- _EXERCISE_: Without including any pictures, please copy every entry below exactly.

=======

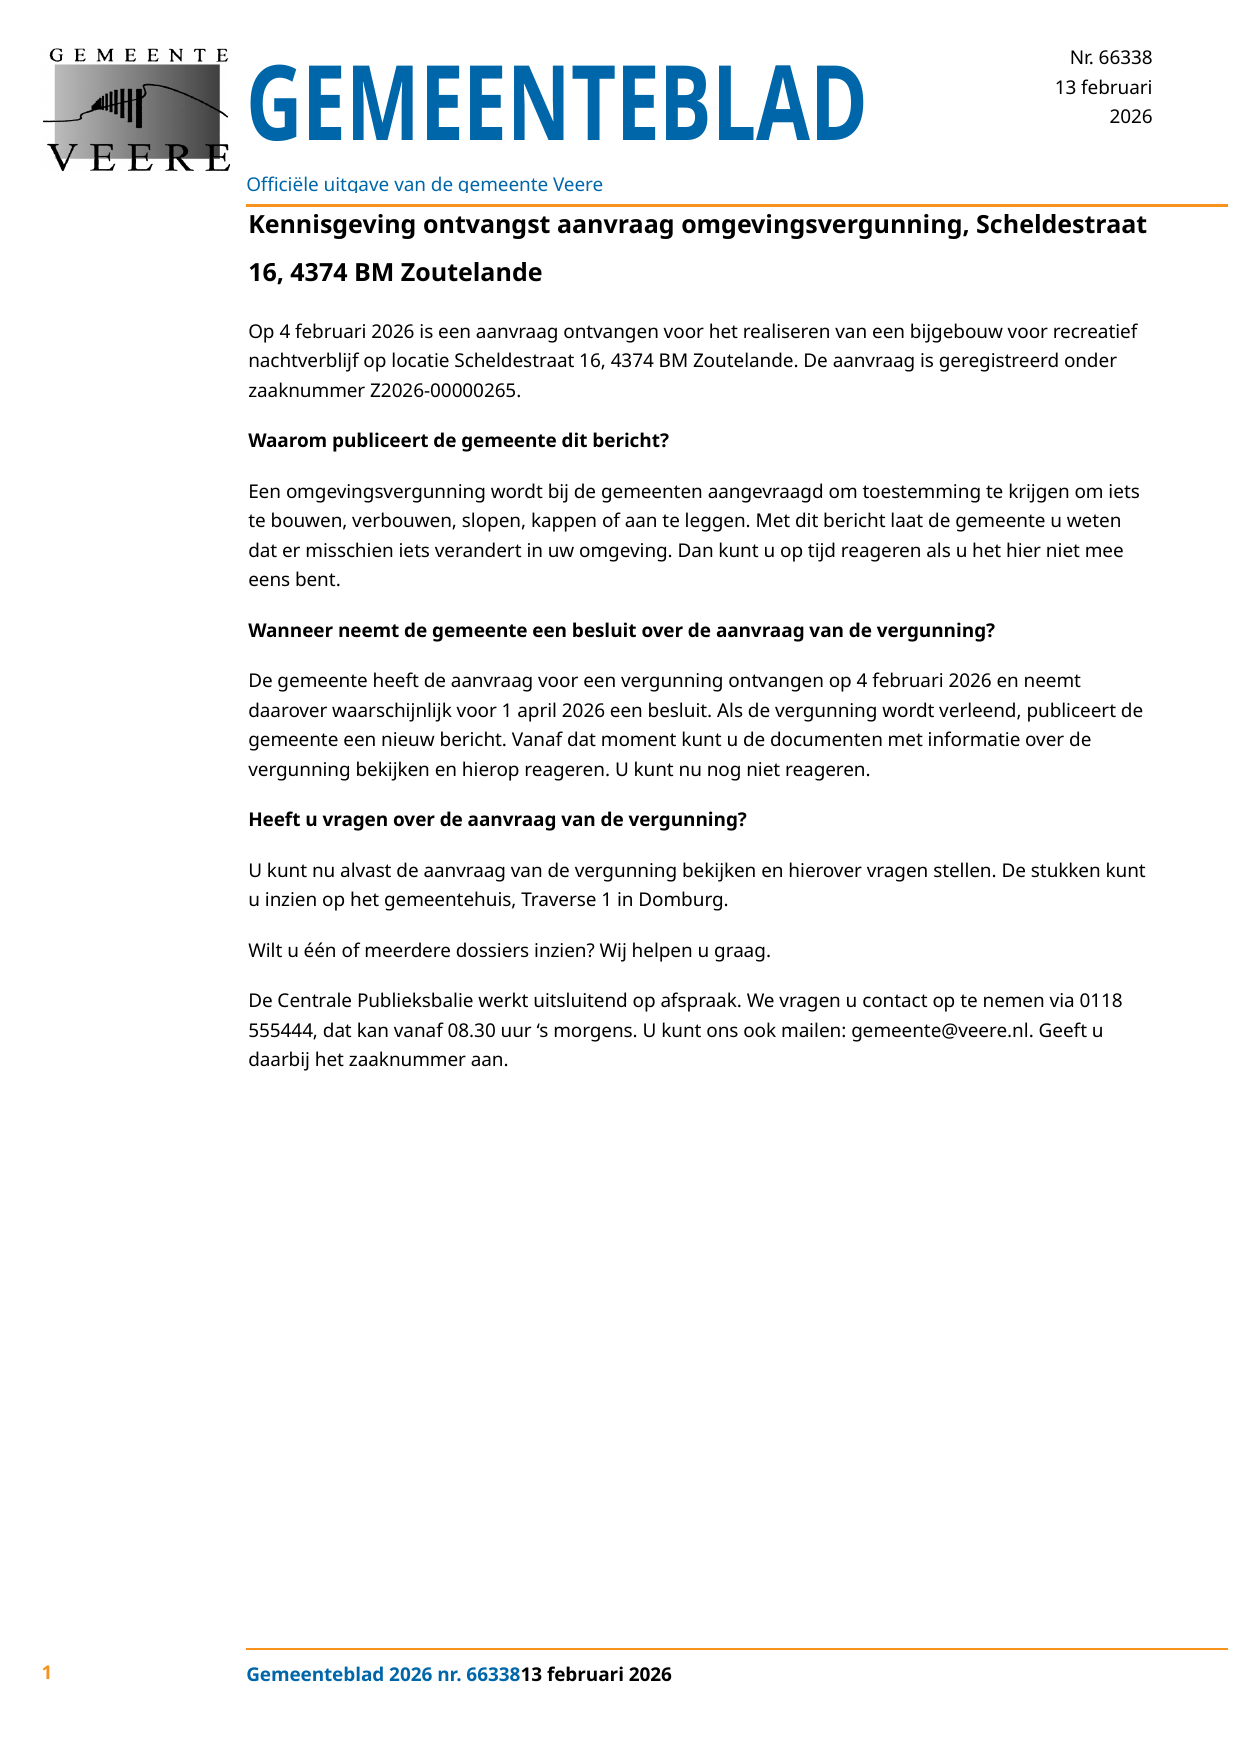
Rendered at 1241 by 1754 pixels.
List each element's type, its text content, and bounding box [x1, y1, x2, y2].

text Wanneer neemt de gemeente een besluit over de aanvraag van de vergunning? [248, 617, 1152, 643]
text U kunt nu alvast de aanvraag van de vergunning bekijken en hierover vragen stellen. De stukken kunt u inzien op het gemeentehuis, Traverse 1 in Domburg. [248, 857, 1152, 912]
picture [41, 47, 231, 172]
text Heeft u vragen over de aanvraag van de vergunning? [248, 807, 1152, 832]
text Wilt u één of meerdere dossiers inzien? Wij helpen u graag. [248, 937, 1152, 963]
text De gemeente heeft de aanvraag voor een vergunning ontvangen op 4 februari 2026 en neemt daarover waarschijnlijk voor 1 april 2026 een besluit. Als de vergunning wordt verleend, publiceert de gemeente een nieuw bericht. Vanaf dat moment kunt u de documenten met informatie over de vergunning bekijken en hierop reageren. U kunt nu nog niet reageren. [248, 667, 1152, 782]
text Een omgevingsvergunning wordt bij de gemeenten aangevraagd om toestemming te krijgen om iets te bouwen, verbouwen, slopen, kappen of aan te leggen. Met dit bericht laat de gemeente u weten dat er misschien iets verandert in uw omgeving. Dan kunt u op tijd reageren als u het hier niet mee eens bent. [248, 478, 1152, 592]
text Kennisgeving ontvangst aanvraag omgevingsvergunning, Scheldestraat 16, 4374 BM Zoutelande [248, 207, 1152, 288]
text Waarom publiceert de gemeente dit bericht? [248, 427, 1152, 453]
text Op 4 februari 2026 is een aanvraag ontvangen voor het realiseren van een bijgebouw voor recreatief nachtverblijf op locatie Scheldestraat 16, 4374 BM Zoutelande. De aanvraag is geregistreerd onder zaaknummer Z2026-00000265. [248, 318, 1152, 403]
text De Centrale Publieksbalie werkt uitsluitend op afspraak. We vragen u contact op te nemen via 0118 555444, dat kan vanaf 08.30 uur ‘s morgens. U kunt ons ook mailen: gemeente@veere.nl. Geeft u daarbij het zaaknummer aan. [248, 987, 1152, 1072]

=======

- _SOLUTION_:
Rendered at 1241 by 1754 pixels.
List each element's type, its text content, and bounding box [x1, y1, x2, y2].

text Wanneer neemt de gemeente een besluit over de aanvraag van de vergunning? [248, 617, 1152, 643]
text U kunt nu alvast de aanvraag van de vergunning bekijken en hierover vragen stellen. De stukken kunt u inzien op het gemeentehuis, Traverse 1 in Domburg. [248, 857, 1152, 912]
picture [41, 47, 231, 172]
text Heeft u vragen over de aanvraag van de vergunning? [248, 807, 1152, 832]
text Wilt u één of meerdere dossiers inzien? Wij helpen u graag. [248, 937, 1152, 963]
text De gemeente heeft de aanvraag voor een vergunning ontvangen op 4 februari 2026 en neemt daarover waarschijnlijk voor 1 april 2026 een besluit. Als de vergunning wordt verleend, publiceert de gemeente een nieuw bericht. Vanaf dat moment kunt u de documenten met informatie over de vergunning bekijken en hierop reageren. U kunt nu nog niet reageren. [248, 667, 1152, 782]
text Een omgevingsvergunning wordt bij de gemeenten aangevraagd om toestemming te krijgen om iets te bouwen, verbouwen, slopen, kappen of aan te leggen. Met dit bericht laat de gemeente u weten dat er misschien iets verandert in uw omgeving. Dan kunt u op tijd reageren als u het hier niet mee eens bent. [248, 478, 1152, 592]
text Kennisgeving ontvangst aanvraag omgevingsvergunning, Scheldestraat 16, 4374 BM Zoutelande [248, 207, 1152, 288]
text Waarom publiceert de gemeente dit bericht? [248, 427, 1152, 453]
text Op 4 februari 2026 is een aanvraag ontvangen voor het realiseren van een bijgebouw voor recreatief nachtverblijf op locatie Scheldestraat 16, 4374 BM Zoutelande. De aanvraag is geregistreerd onder zaaknummer Z2026-00000265. [248, 318, 1152, 403]
text De Centrale Publieksbalie werkt uitsluitend op afspraak. We vragen u contact op te nemen via 0118 555444, dat kan vanaf 08.30 uur ‘s morgens. U kunt ons ook mailen: gemeente@veere.nl. Geeft u daarbij het zaaknummer aan. [248, 987, 1152, 1072]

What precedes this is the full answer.